Case and the Dreamer
Page 20
They perched together on the edge of the huge bed. The table was a vase, the food a bouquet: yellow rice, tiny green peas, scarlet pimentos, orange-pink lobster meat, blue-black mussels, white chicken, mother-of-pearl inside the just-burst, juicy clams.
“I’ll tell you a story,” said Rorie, around and between her food. “Maybe you’ve read it, maybe you know it, but let me tell you anyway, because I have a point to make.
“It’s in Victor Hugo’s big novel Les Miserables, and is one of the finest pieces of writing anywhere in this world. It deals with a sailing ship, a French naval vessel and a terrible storm. The ship had a weather deck, and right under it the gun deck where the cannons were kept. They were tied down behind the gun ports, ready to be run out and used in battle. Big brass cannons, you know, on wheels.

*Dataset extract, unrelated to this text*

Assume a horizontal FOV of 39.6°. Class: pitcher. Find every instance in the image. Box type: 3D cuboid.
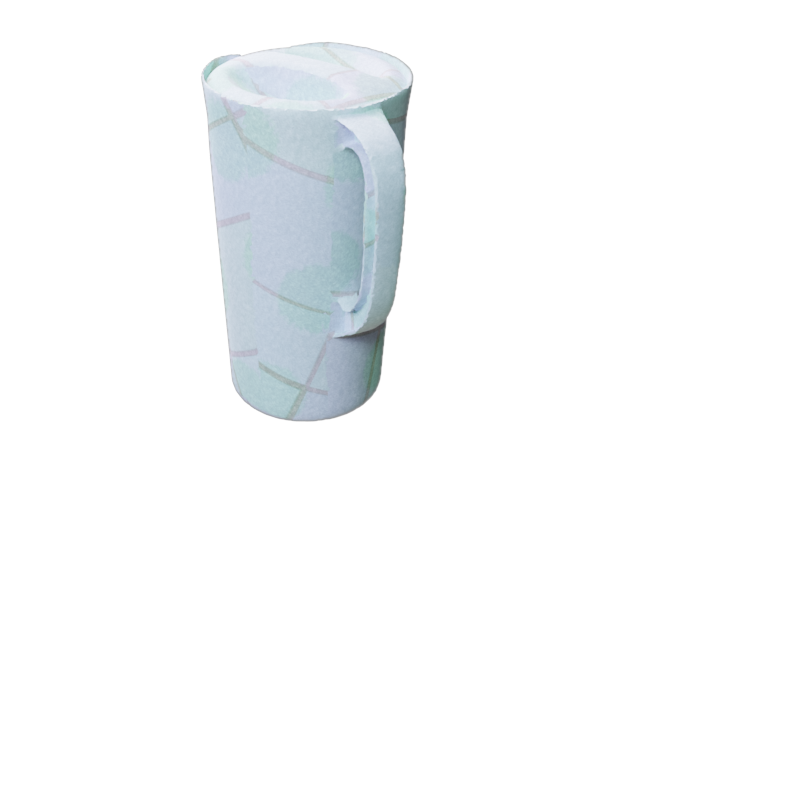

“Well, in the storm one of the cannons got loose, and I’m sorry I don’t have the book with me to read you that part; you’d never forget it; you’d think you’d been there. As the ship rolled and plunged in the storm, the cannon was like something alive and crazy, charging up and down across, smashing into the bulkheads, splitting the timbers of the ship’s sides, bearing down on crewmen trying to find some way to stop it. It began to look as if that berserk cannon was going to sink the ship and kill everybody.

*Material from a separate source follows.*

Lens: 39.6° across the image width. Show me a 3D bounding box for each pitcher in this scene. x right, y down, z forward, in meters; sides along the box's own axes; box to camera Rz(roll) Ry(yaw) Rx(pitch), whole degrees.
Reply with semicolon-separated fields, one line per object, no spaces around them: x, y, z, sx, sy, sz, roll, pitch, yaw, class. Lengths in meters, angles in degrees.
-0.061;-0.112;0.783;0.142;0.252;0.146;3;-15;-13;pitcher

“Then a young gunnery officer snatched up a long ramrod and ran out to the middle of the gun deck. He was like a dancer, a matador, a prizefighter all at once; and he dodged, and he spun, and he ducked this crazy cannon as it ran at him until he saw his chance, and then he dove under it and shoved the ramrod into the wheel spokes, stopping the thing in its tracks until the crew could get ropes on it and tie it down.
“Want some more lobster?”
Mr. Michaelmas, munching and agog at the thrum of her voice, shook his head.
She went on:
“Late the next day when the sea was calm, the captain called up the whole crew on the main deck. He and his officers were in full dress. He had the gunnery officer, front and center, and he came down with a metal on a chain, and he decorated the officer and kissed him on both cheeks, the way they do in the French military to this day.
“Then he went back up on the high poop deck and called down a question, ‘Now which man is responsible for that cannon getting loose?’
“And the hero with the shiny decoration on his chest, proud and honest, answered, ‘I was, sir.’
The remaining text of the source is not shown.